# New vs. Old



## Guest (Mar 2, 2009)

Hey so i recently picked up an old 1997 Ride Control 153 board for myself and was wondering if anyone had any idea what the major differences were going to be in riding a 12 year old board like the Ride vs. something modern. This board i picked up to be my intermediate board so i can really start to progress from beginner/intermediate into a more advanced rider. Was it a bad idea to purchase such an old board? Has technology advanced that much that i'm doing myself a disservice learning on an old board like this? If it helps i have some brand new Union Force bindings on it and i just got it fully tuned with a stone grind. Wadda ya think? THanks!


----------



## Flick Montana (Jul 9, 2007)

Not only has technology changed, but an old board loses it's pop after a while. It just becomes flat. I'm not saying your board is useless, you'll have to ride it to found out if it works or not, but buying an old board is not quite like buying an old car. They aren't really classics when it comes to riding.


----------



## Guest (Mar 3, 2009)

i figure that they definitely aren't like cars in that they are classics but will i notice that much of a difference from riding an older vs. new board? This is going to be used as a free ride/ all mountain board, which is what it was designed for, so it won't be hitting any parks. I know some people DO in fact by old boards as "classics" like the old swallow tails and such so i'm assuming if someone can ride an old swallow tail i should be ok on this board too no?


----------



## Guest (Mar 3, 2009)

this is an great thread for myself also as i have a old board from the late 90's. it still has a good deal of flex. I waxed it twice and it moves plenty fast down the mountain.

have you hit the mountains with your board yet Surf??


----------



## Guest (Mar 3, 2009)

nah i haven't yet. it's currently at the local shop getting a stone grind and full sharpen and wax so i can take it up to killington,vt next week and shred on it for a couple of days. i also got a new set of Union Force bindings i'm going to throw on it and i wanted to make sure it was tip top before i had my first ride on it so i could get a fair impression of how it rides. on a side note, the east coast is getting dumped on this week. just had close to two feet of fresh snow last night and today and that same front that hit here is headed for up north to Vt as well. But nah haven't ridden the board yet. I'm hoping it's going to be a fun ride especially after the full tune up and the good snow we just got. Anyone else care to chime in on old vs. new board? Is it really that noticeable?


----------



## v-verb (Feb 1, 2009)

I started on a loaner 97 Custom 55 and did my first 5 times on it. My last 2 times were on a new bataleon evil twin 55 with tbt. The new board is easier to control and responds better IMO.

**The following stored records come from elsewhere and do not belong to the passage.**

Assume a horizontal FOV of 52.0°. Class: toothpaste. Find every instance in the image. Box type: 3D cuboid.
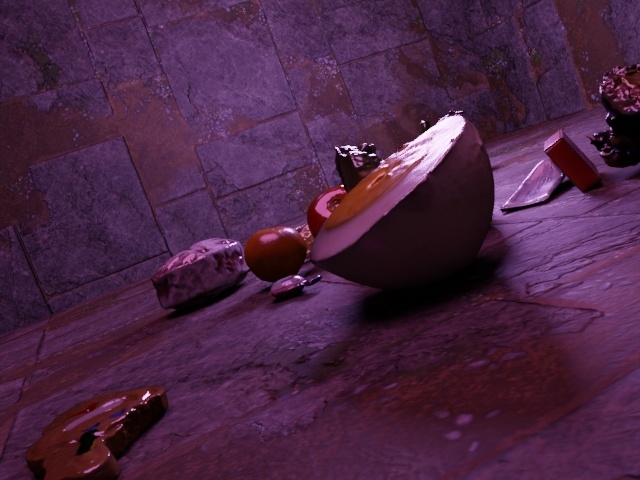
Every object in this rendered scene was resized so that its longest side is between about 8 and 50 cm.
[{"bbox_3d":[0.507,-0.133,1.514,0.282,0.068,0.099,-36,-12,-46],"label":"toothpaste"}]

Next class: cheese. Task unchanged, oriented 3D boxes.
[{"bbox_3d":[-0.056,0.096,1.401,0.145,0.038,0.095,-16,8,45],"label":"cheese"}]

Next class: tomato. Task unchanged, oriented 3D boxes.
[{"bbox_3d":[0.064,-0.059,1.755,0.195,0.136,0.195,-12,50,15],"label":"tomato"}]

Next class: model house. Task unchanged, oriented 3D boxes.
[{"bbox_3d":[0.197,-0.112,1.398,0.266,0.261,0.321,-18,11,-2],"label":"model house"}]

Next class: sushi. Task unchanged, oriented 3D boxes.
[{"bbox_3d":[0.677,-0.240,1.339,0.239,0.218,0.225,7,50,11],"label":"sushi"}]

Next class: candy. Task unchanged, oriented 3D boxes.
[{"bbox_3d":[-0.326,0.087,1.807,0.214,0.157,0.289,-21,4,43],"label":"candy"}]

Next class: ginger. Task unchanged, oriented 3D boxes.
[{"bbox_3d":[-0.003,0.001,1.873,0.193,0.115,0.122,-29,-13,-14],"label":"ginger"}]

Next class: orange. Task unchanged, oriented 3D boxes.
[{"bbox_3d":[-0.109,0.037,1.625,0.159,0.136,0.159,-8,5,1],"label":"orange"}]

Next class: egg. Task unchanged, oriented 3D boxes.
[{"bbox_3d":[0.161,-0.030,1.046,0.337,0.201,0.337,-45,10,10],"label":"egg"}]

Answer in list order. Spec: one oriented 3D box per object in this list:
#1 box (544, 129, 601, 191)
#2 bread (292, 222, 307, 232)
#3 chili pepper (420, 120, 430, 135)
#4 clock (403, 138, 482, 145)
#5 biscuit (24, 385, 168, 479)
[{"bbox_3d":[0.550,-0.179,1.442,0.050,0.123,0.229,-43,-2,23],"label":"box"},{"bbox_3d":[-0.091,0.006,2.111,0.105,0.077,0.152,-18,8,32],"label":"bread"},{"bbox_3d":[0.314,-0.224,1.966,0.165,0.261,0.174,-18,10,-20],"label":"chili pepper"},{"bbox_3d":[0.464,-0.297,2.474,0.317,0.200,0.244,-14,8,-17],"label":"clock"},{"bbox_3d":[-0.290,0.248,0.846,0.183,0.047,0.320,-24,8,-6],"label":"biscuit"}]

The old custom was a nice board though. I think you'll have a great time as long as the board is fundamentally sound - not damaged etc and your board sounds like it's fine.


----------



## jmacphee9 (Nov 11, 2008)

well the difference between a 12 year old board and a new one is undeniable. the tech in a new beginner board is probably just as much if not more then a 12 year old top of the line board board. will it work and possibly be 100% fine for you, very much so i would imagine.


----------



## Guest (Mar 3, 2009)

yea im going to get me a newer low level board for next season.


----------